- [Work order]: List every line below containing "bevat".

- [Supplied records]:

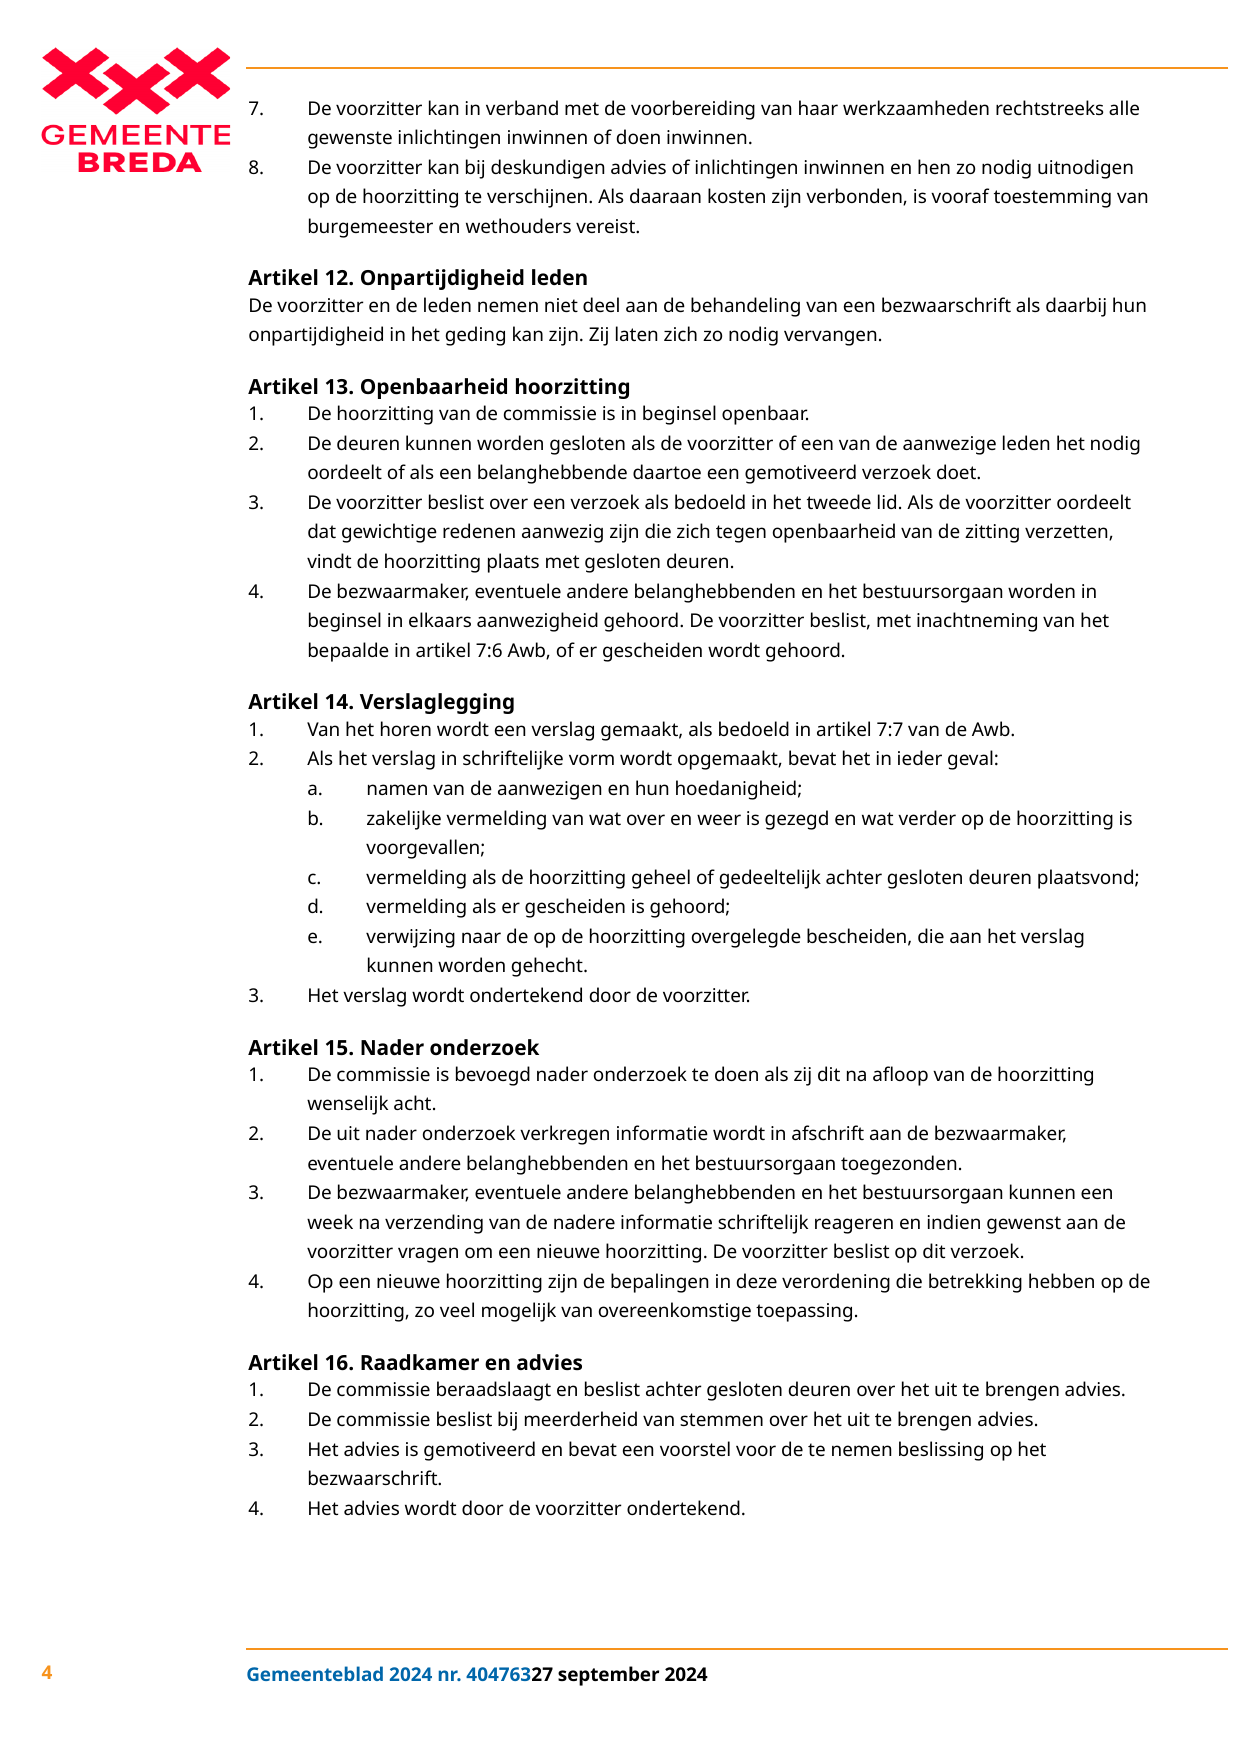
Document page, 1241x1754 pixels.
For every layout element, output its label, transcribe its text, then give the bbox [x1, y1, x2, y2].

picture [41, 47, 231, 172]
list De uit nader onderzoek verkregen informatie wordt in afschrift aan de bezwaarmaker, eventuele andere belanghebbenden en het bestuursorgaan toegezonden. [248, 1120, 1152, 1176]
list De deuren kunnen worden gesloten als de voorzitter of een van de aanwezige leden het nodig oordeelt of als een belanghebbende daartoe een gemotiveerd verzoek doet. [248, 430, 1152, 485]
list verwijzing naar de op de hoorzitting overgelegde bescheiden, die aan het verslag kunnen worden gehecht. [307, 923, 1152, 978]
list De voorzitter kan bij deskundigen advies of inlichtingen inwinnen en hen zo nodig uitnodigen op de hoorzitting te verschijnen. Als daaraan kosten zijn verbonden, is vooraf toestemming van burgemeester en wethouders vereist. [248, 154, 1152, 239]
list De voorzitter beslist over een verzoek als bedoeld in het tweede lid. Als de voorzitter oordeelt dat gewichtige redenen aanwezig zijn die zich tegen openbaarheid van de zitting verzetten, vindt de hoorzitting plaats met gesloten deuren. [248, 489, 1152, 574]
list De commissie is bevoegd nader onderzoek te doen als zij dit na afloop van de hoorzitting wenselijk acht. [248, 1061, 1152, 1116]
list Als het verslag in schriftelijke vorm wordt opgemaakt, bevat het in ieder geval: [248, 746, 1152, 771]
text Artikel 12. Onpartijdigheid leden [248, 263, 1152, 292]
list De bezwaarmaker, eventuele andere belanghebbenden en het bestuursorgaan kunnen een week na verzending van de nadere informatie schriftelijk reageren en indien gewenst aan de voorzitter vragen om een nieuwe hoorzitting. De voorzitter beslist op dit verzoek. [248, 1179, 1152, 1264]
list Op een nieuwe hoorzitting zijn de bepalingen in deze verordening die betrekking hebben op de hoorzitting, zo veel mogelijk van overeenkomstige toepassing. [248, 1268, 1152, 1323]
text Artikel 15. Nader onderzoek [248, 1033, 1152, 1061]
list vermelding als de hoorzitting geheel of gedeeltelijk achter gesloten deuren plaatsvond; [307, 864, 1152, 889]
list De commissie beraadslaagt en beslist achter gesloten deuren over het uit te brengen advies. [248, 1377, 1152, 1402]
text Artikel 14. Verslaglegging [248, 687, 1152, 716]
list zakelijke vermelding van wat over en weer is gezegd en wat verder op de hoorzitting is voorgevallen; [307, 805, 1152, 860]
list Het verslag wordt ondertekend door de voorzitter. [248, 982, 1152, 1008]
list De commissie beslist bij meerderheid van stemmen over het uit te brengen advies. [248, 1406, 1152, 1432]
list Van het horen wordt een verslag gemaakt, als bedoeld in artikel 7:7 van de Awb. [248, 716, 1152, 742]
list De bezwaarmaker, eventuele andere belanghebbenden en het bestuursorgaan worden in beginsel in elkaars aanwezigheid gehoord. De voorzitter beslist, met inachtneming van het bepaalde in artikel 7:6 Awb, of er gescheiden wordt gehoord. [248, 578, 1152, 663]
text Artikel 16. Raadkamer en advies [248, 1348, 1152, 1377]
text De voorzitter en de leden nemen niet deel aan de behandeling van een bezwaarschrift als daarbij hun onpartijdigheid in het geding kan zijn. Zij laten zich zo nodig vervangen. [248, 292, 1152, 347]
list De voorzitter kan in verband met de voorbereiding van haar werkzaamheden rechtstreeks alle gewenste inlichtingen inwinnen of doen inwinnen. [248, 95, 1152, 150]
list vermelding als er gescheiden is gehoord; [307, 893, 1152, 919]
text Artikel 13. Openbaarheid hoorzitting [248, 372, 1152, 400]
list Het advies wordt door de voorzitter ondertekend. [248, 1495, 1152, 1521]
list De hoorzitting van de commissie is in beginsel openbaar. [248, 400, 1152, 426]
list Het advies is gemotiveerd en bevat een voorstel voor de te nemen beslissing op het bezwaarschrift. [248, 1436, 1152, 1491]
list namen van de aanwezigen en hun hoedanigheid; [307, 775, 1152, 801]
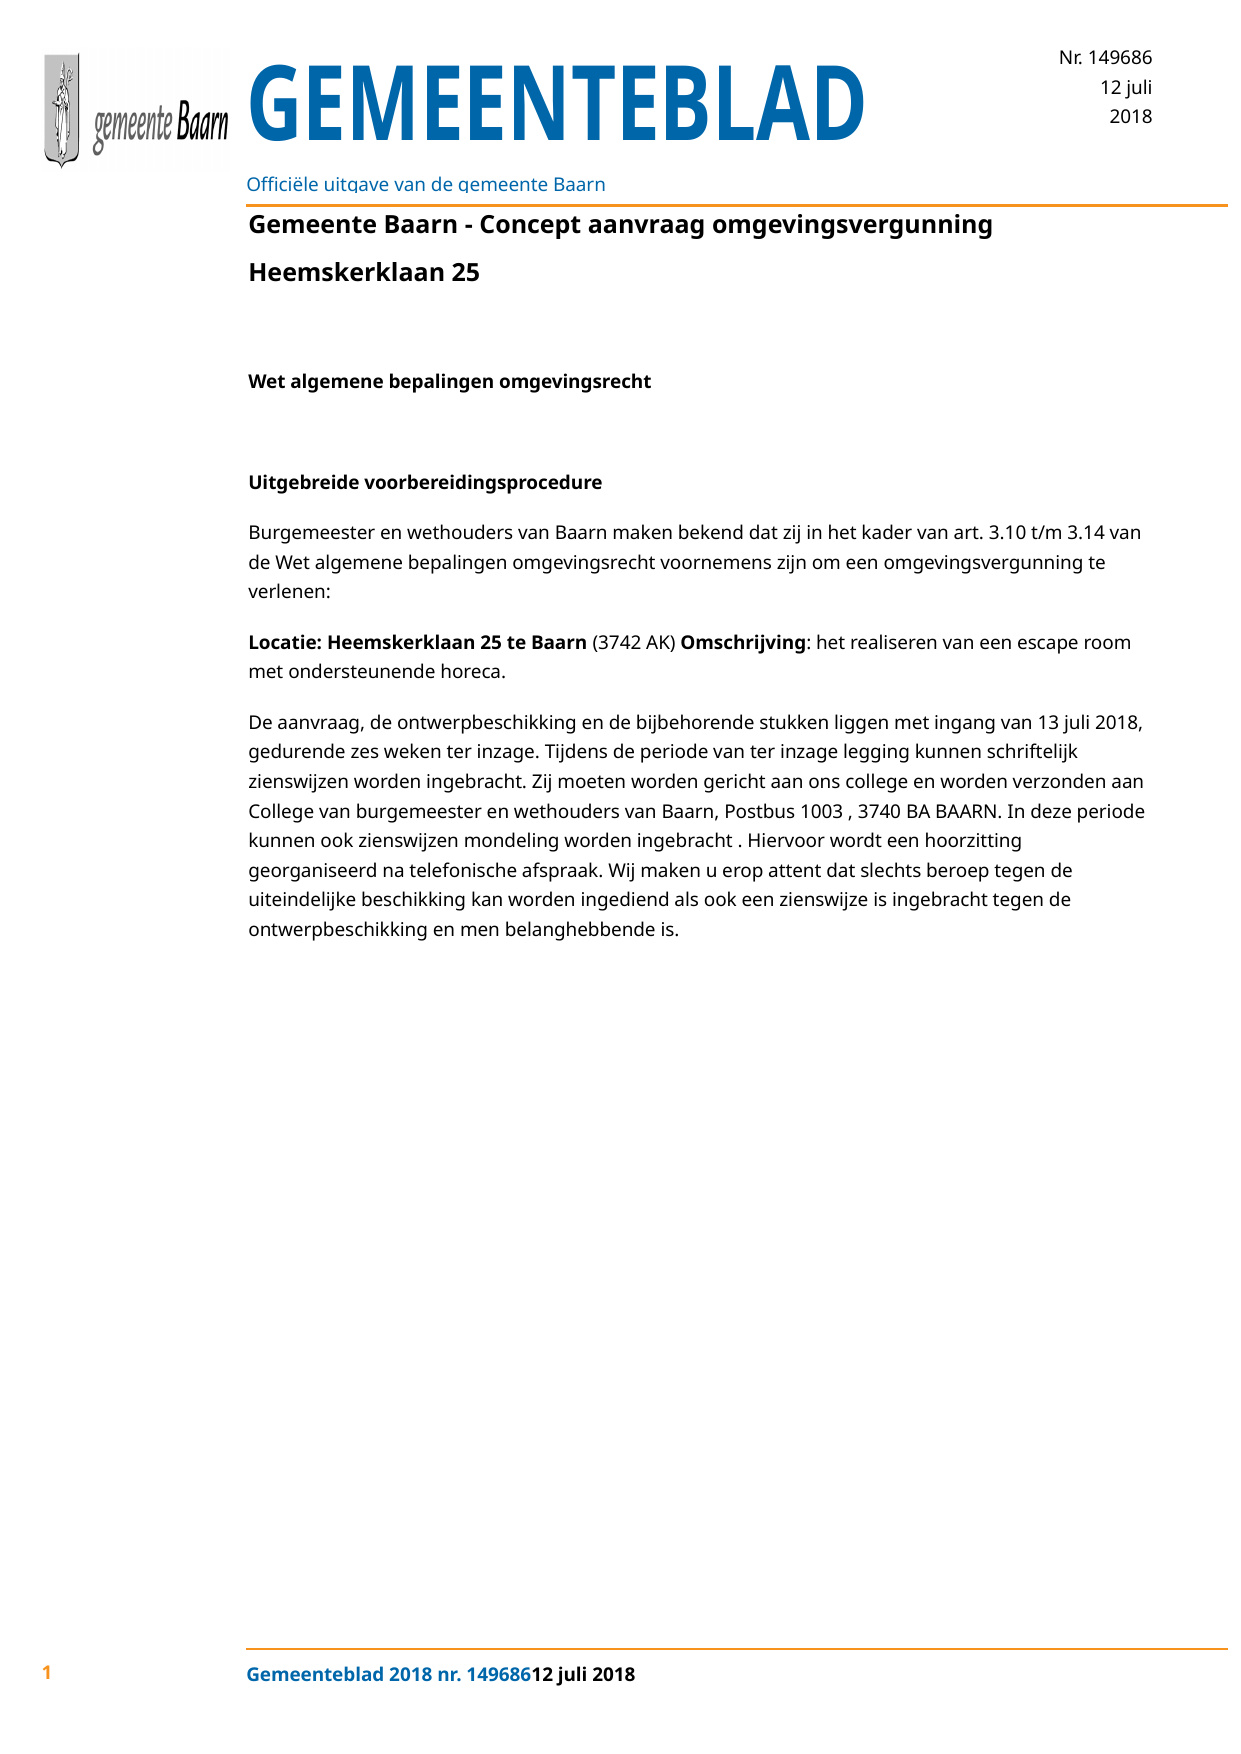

- [Answer]:
list Als het verslag in schriftelijke vorm wordt opgemaakt, bevat het in ieder geval: [248, 746, 1152, 771]
list Het advies is gemotiveerd en bevat een voorstel voor de te nemen beslissing op het bezwaarschrift. [248, 1436, 1152, 1491]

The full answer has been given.